By Day Two, our stops and the Superior views already have made the drive worthwhile: the walk along the shore in Duluth and lunch at famous Grandma’s restaurant; Gooseberry Falls, where we watch kids splash just steps from Minnesota’s State-61; Grand Marais, with its shops, galleries and cafes around a Lake Superior harbor. Naniboujou, which has a dining room decorated by a 1920s artist in striking Cree-inspired designs, proved as magical as we hoped. (OK, our room’s No. 2 bed (the kind in the wall that flips up suddenly in old cartoons) is a little scary, I admit.) Day Five finds us wondering how we can fit this epic journey into one fairly short story.

The route winds through a panorama, between hills covered in tall pines and aspens and vast, blue Superior. Whenever we see a promising roadside overlook, we stop and follow trails to sights that are surprisingly easy walks from the road. Ontario's Kakabeka Falls, a roaring torrent plunging 130 feet, seems too spectacular to be just a few steps from a parking lot. So does an overlook above Lake of the Clouds, a mirror-bright swath reflecting sky and woods in Porcupine Mountains Wilderness State Park on Michigan’s Upper Peninsula (UP). The UP’s Tahquamenon Falls and Ontario’s Ouimet (WE-met) Canyon require longer walks, but nothing that would justify all we’re eating.

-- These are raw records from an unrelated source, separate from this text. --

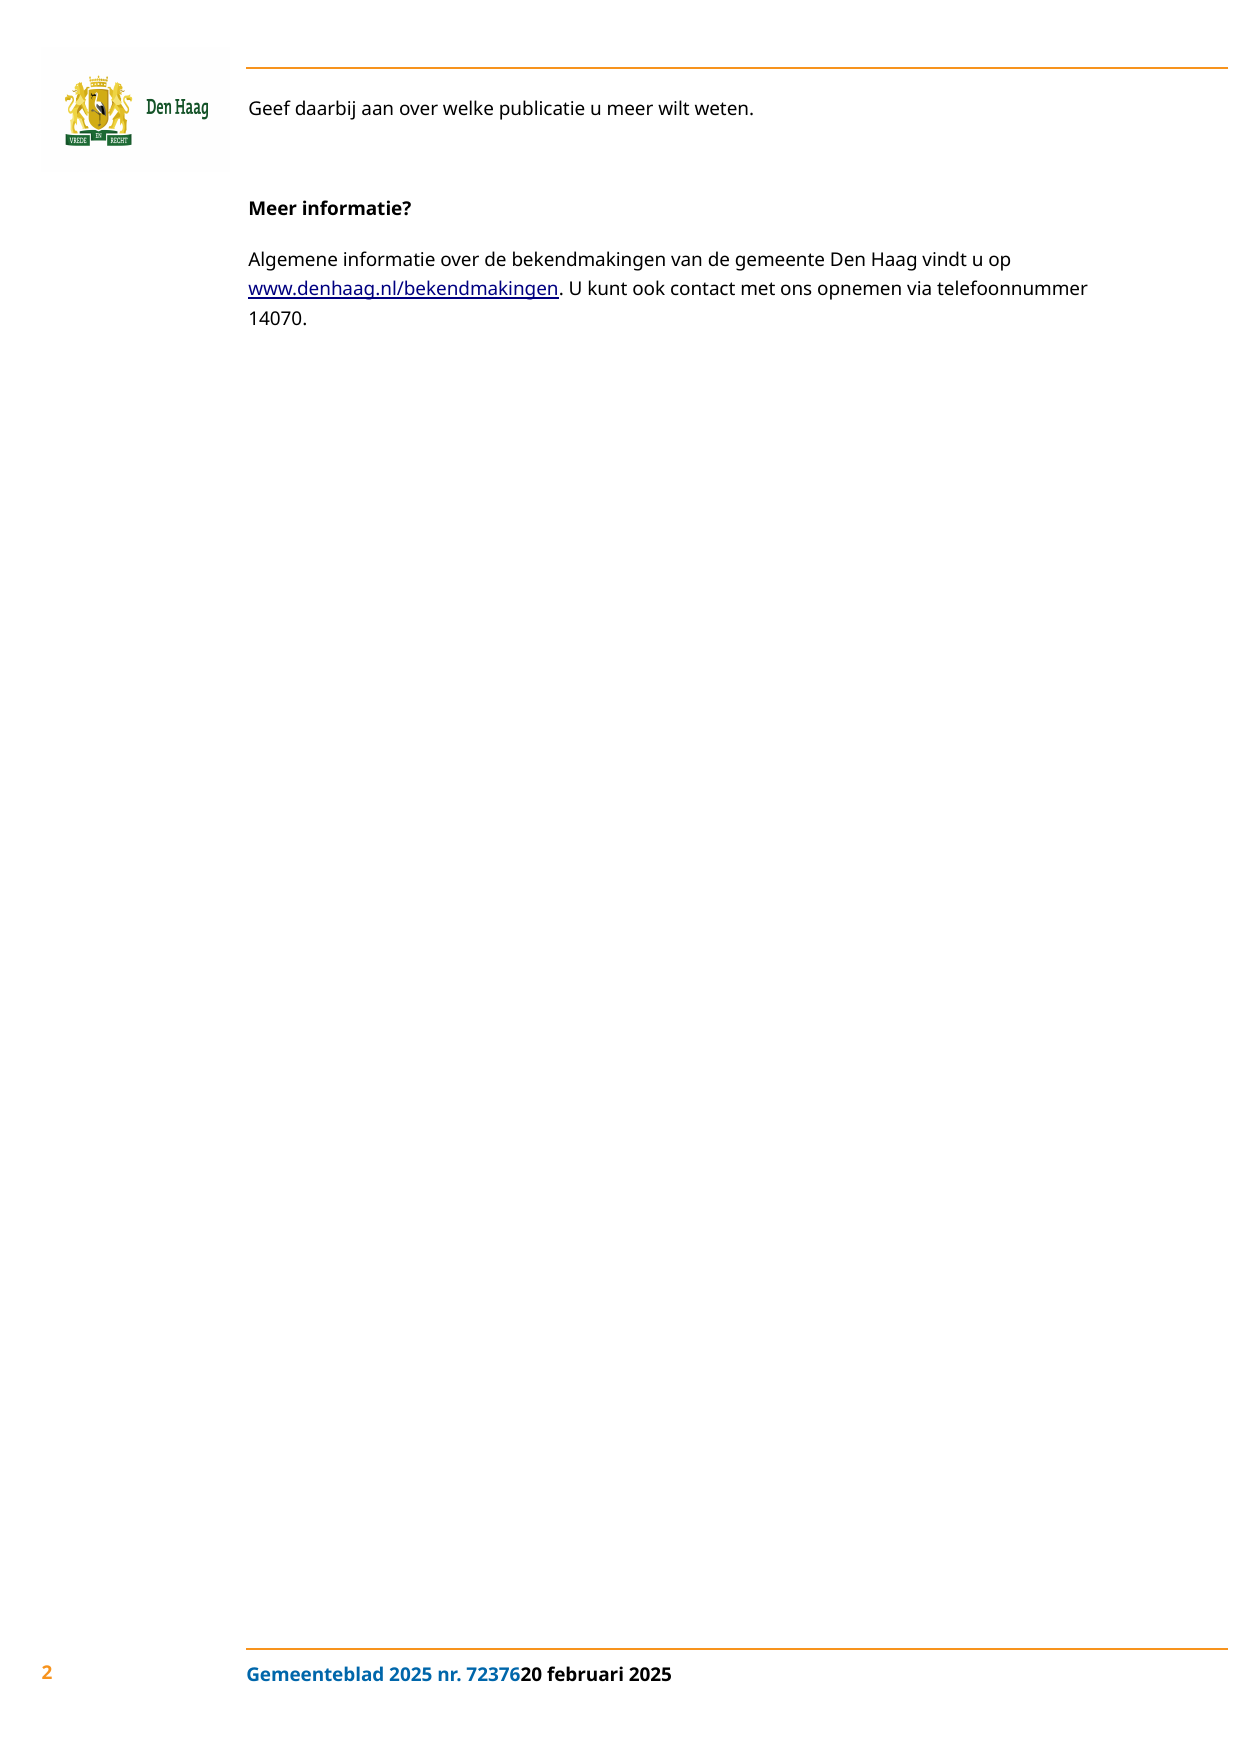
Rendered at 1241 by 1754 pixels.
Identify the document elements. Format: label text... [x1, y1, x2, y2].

picture [41, 47, 231, 172]
text Algemene informatie over de bekendmakingen van de gemeente Den Haag vindt u op www.denhaag.nl/bekendmakingen. U kunt ook contact met ons opnemen via telefoonnummer 14070. [248, 246, 1152, 331]
text Meer informatie? [248, 196, 1152, 221]
text Geef daarbij aan over welke publicatie u meer wilt weten. [248, 95, 1152, 121]

By the time we reach Ouimet, we’re ready to stretch our legs, whether or not this place we’d barely heard of is worth the detour. I stop to read a sign to figure out if we have far to go, and Joan forges ahead. I hear her gasp, not a good sound when you’re surrounded by Canadian wilderness.

Then I see why. The shaded path ends abruptly at a wooden platform hanging over a gorge. According to the sign dizzyingly close to the rail, the canyon is 30 stories deep, more than a mile long and almost 500 feet wide. Ontario natives Sherri Smith and her son Andrew, 15, are just as awed. We ask them whether this place is well-known in Canada. Surely, it must be. But Sherri says, "No one knows about it. We just happened past. "

Shadows lengthen across the rocks, and we realize we’d better get moving. The price of all our irresistible stops becomes clear at about this point of each day. But long hours driving do offer time to talk, more in a day than we usually have time for in weeks. The rambling dialogue covers books (finding time for them), ideas (you need some down time like this to have some) and our families ("Your daughter won’t be a senior already! " I protest, stalling a discussion of college visits).

But after a sudden downpour and a stretch of Canada-17 that’s been reduced nearly to dirt by construction, we can’t get to our last stop, tiny Rossport near Superior’s northern tip, fast enough. At the landmark Rossport Inn, we gratefully eat lake trout and pie, looking out on an azure bay studded with green islands. Our cabin is simple but has pretty quilts on good beds, and we sleep deeply despite trains thundering past.